LaSalle Bank N.A. v Oberstein
2017 NY Slip Op 00462 [146 AD3d 945]
January 25, 2017
Appellate Division, Second Department
Published by New York State Law Reporting Bureau pursuant to Judiciary Law § 431.
As corrected through Wednesday, March 1, 2017


[*1]
 LaSalle Bank National Association, as Trustee for Certificate Holders of EMC Mortgage Loan Trust 2005-A, Mortgage Loan Pass-Through Certificates, Series 2005-A, Respondent,
v
Michael R. Oberstein et al., Defendants, and Sperry Associates Federal Credit Union, Appellant.

Scott A. Rosenberg, P.C., Garden City Park, NY (Kenneth J. Pagliughi of counsel), for appellant.

Eckert Seamans Cherin & Mellott, LLC, White Plains, NY (Kenneth J. Flickinger of counsel), for respondent.

In an action to foreclose a mortgage, the defendant Sperry Associates Federal Credit Union appeals from an order of the Supreme Court, Nassau County (Adams, J.), entered January 13, 2014, which denied its motion pursuant to CPLR 5015 (a) (3) to vacate a judgment of foreclosure and sale of the same court dated June 1, 2010, entered upon its failure to answer the complaint, and for leave to serve a late answer.

Ordered that the order is affirmed, with costs.

The Supreme Court properly denied the appellant's motion pursuant to CPLR 5015 (a) (3) to vacate a judgment of foreclosure and sale entered upon its default in answering.
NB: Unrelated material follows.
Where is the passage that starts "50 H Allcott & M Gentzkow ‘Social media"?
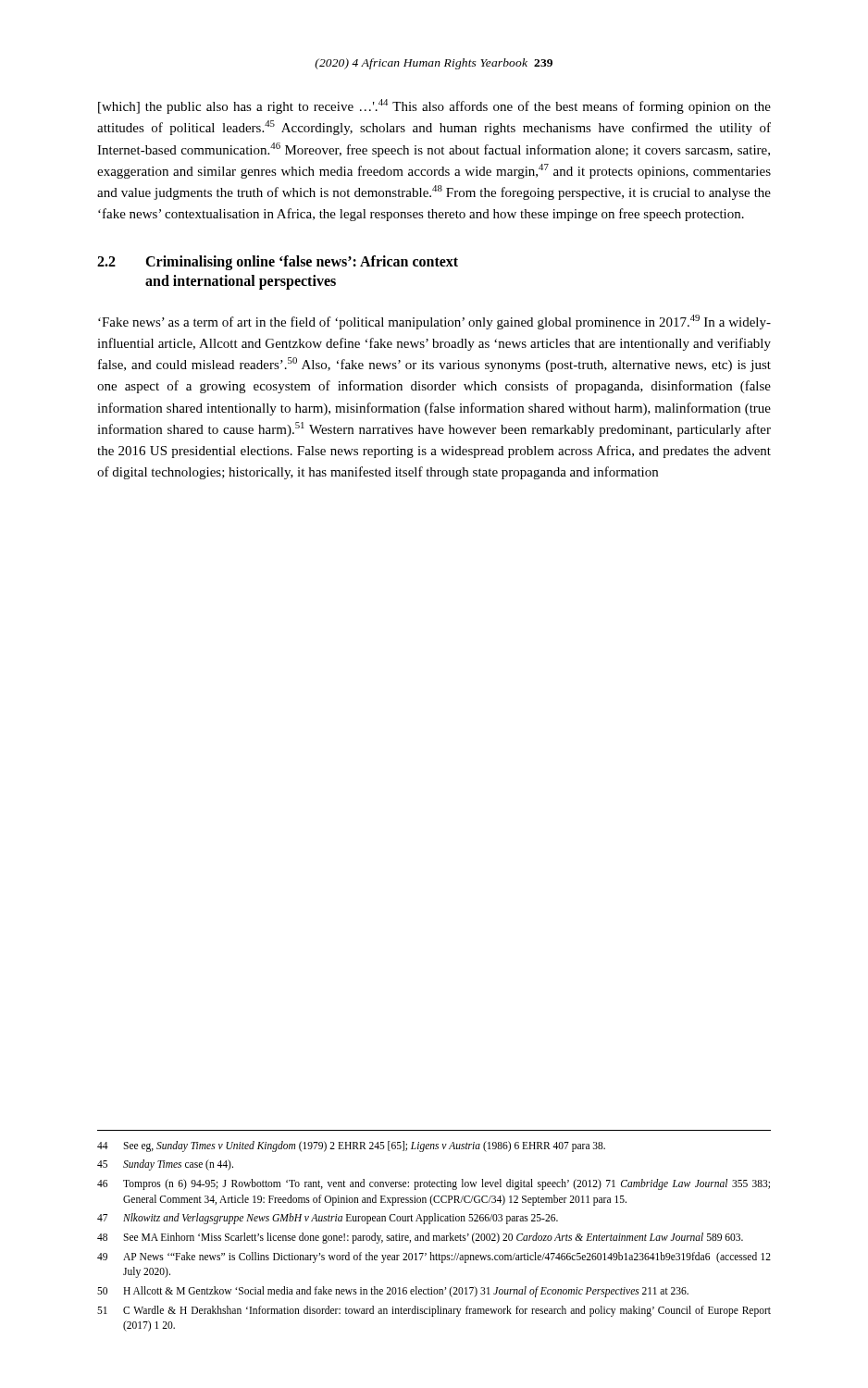Screen dimensions: 1388x868 pos(434,1291)
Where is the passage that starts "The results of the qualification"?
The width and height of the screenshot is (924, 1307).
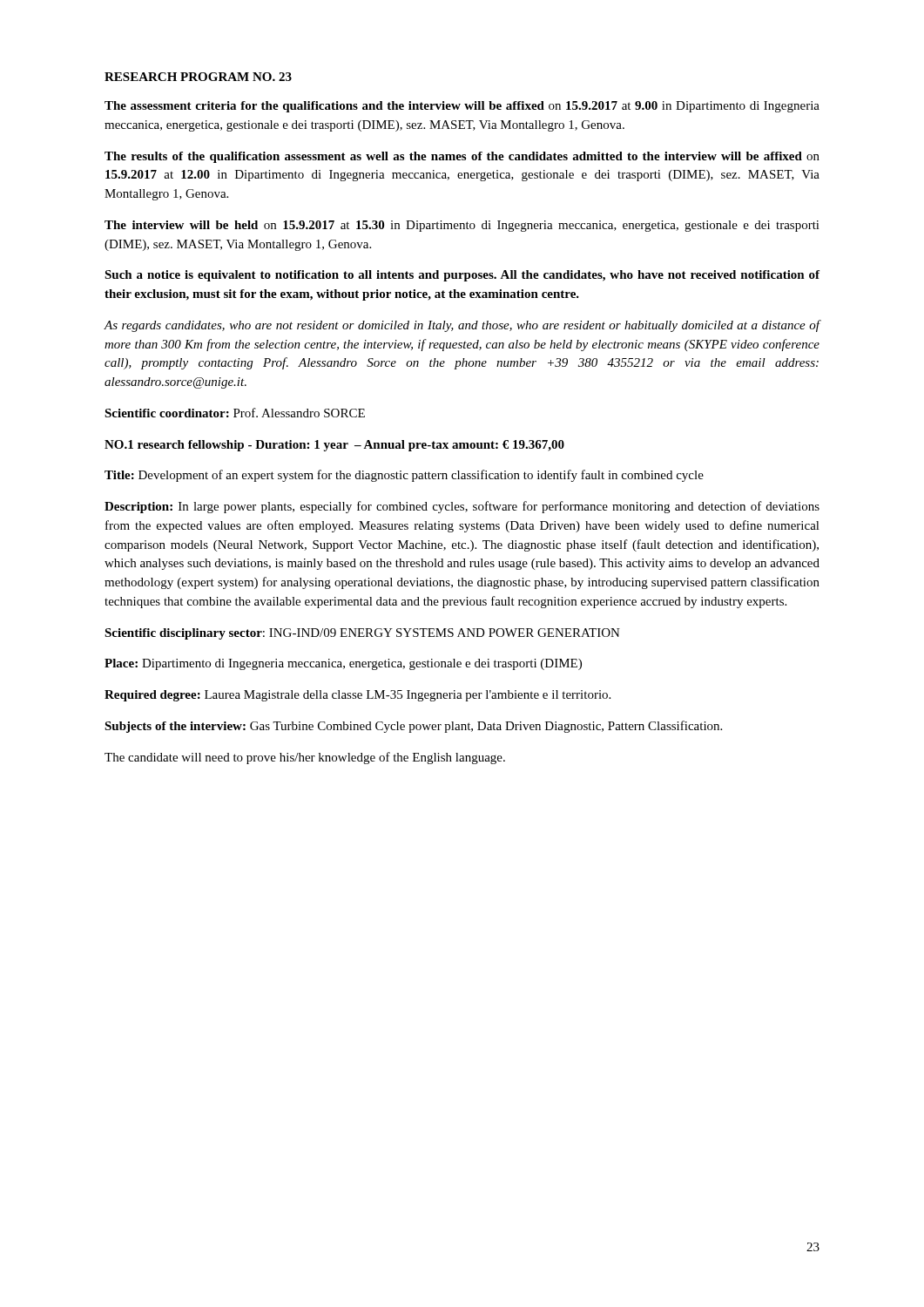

Under the circumstances of this case, the appellant failed to move for relief pursuant to CPLR 5015 (a) (3) within a reasonable time after entry of the judgment (see Fishkin, Pugach & Finkelstein, P.C. v Biggio, 128 AD3d 1006 [2015]; Empire State Conglomerates v Mahbur, 105 AD3d 898 [2013]; Bank of N.Y. v Stradford, 55 AD3d 765 [2008]; Aames Capital Corp. v Davidsohn, 24 AD3d 474 [2005]). In any event, the appellant failed to demonstrate a reasonable excuse for the default, which is required when a CPLR 5015 (a) (3) motion alleges intrinsic fraud, i.e., that the allegations in the complaint are false (see Deutsche Bank Natl. Trust Co. v Karlis, 138 AD3d 915, 916 [2016]; U.S. Bank, N.A. v Peters, 127 AD3d 742, 742-743 [2015]; New Century Mtge. Corp. v Corriette, 117 AD3d 1011, 1012 [2014]), rather than "extrinsic fraud," which is "a fraud practiced in obtaining a judgment such that a party may have been prevented from fully and fairly litigating the matter" (Shaw v Shaw, 97 AD2d 403, 403 [1983]; see U.S. Bank, N.A. v Peters, 127 AD3d at 742-743; Bank of N.Y. v Lagakos, 27 AD3d 678, 679 [2006]; Tamimi v Tamimi, 38 AD2d 197 [1972]). Contrary to the appellant's contention, it failed to demonstrate some device, trick, or deceit that led it to believe that it need not defend the suit (see Empire State Conglomerates v Mahbur, 105 AD3d 898 [2013]; Mortgage Elec. Registration Sys., Inc. v Schotter, 50 AD3d 983 [2008]; Putnam County Natl. Bank of Carmel v Simpson, 204 AD2d 297 [1994]; cf. Avenoso v Avenoso, 266 AD2d 326 [1999]; Shaw v Shaw, 97 AD2d at 403). Moreover, despite the appellant's allegations of improper practices by the plaintiff's agents in unrelated matters, it failed to meet its burden of establishing fraud, [*2]misrepresentation, or other misconduct on the part of the plaintiff in this matter that could warrant vacatur of the default judgment of foreclosure and sale pursuant to CPLR 5015 (a) (3) (see Golden First Bank v Tal, 136 AD3d 974 [2016]; Citimortgage, Inc. v Bustamante, 107 AD3d 752, 753 [2013]).

As the appellant failed to proffer an excuse for failing to answer the complaint, it is unnecessary to consider whether it sufficiently demonstrated the existence of a potentially meritorious defense (see EMC Mtge. Corp. v Toussaint, 136 AD3d 861, 862-863 [2016]). Leventhal, J.P., Chambers, Austin and LaSalle, JJ., concur.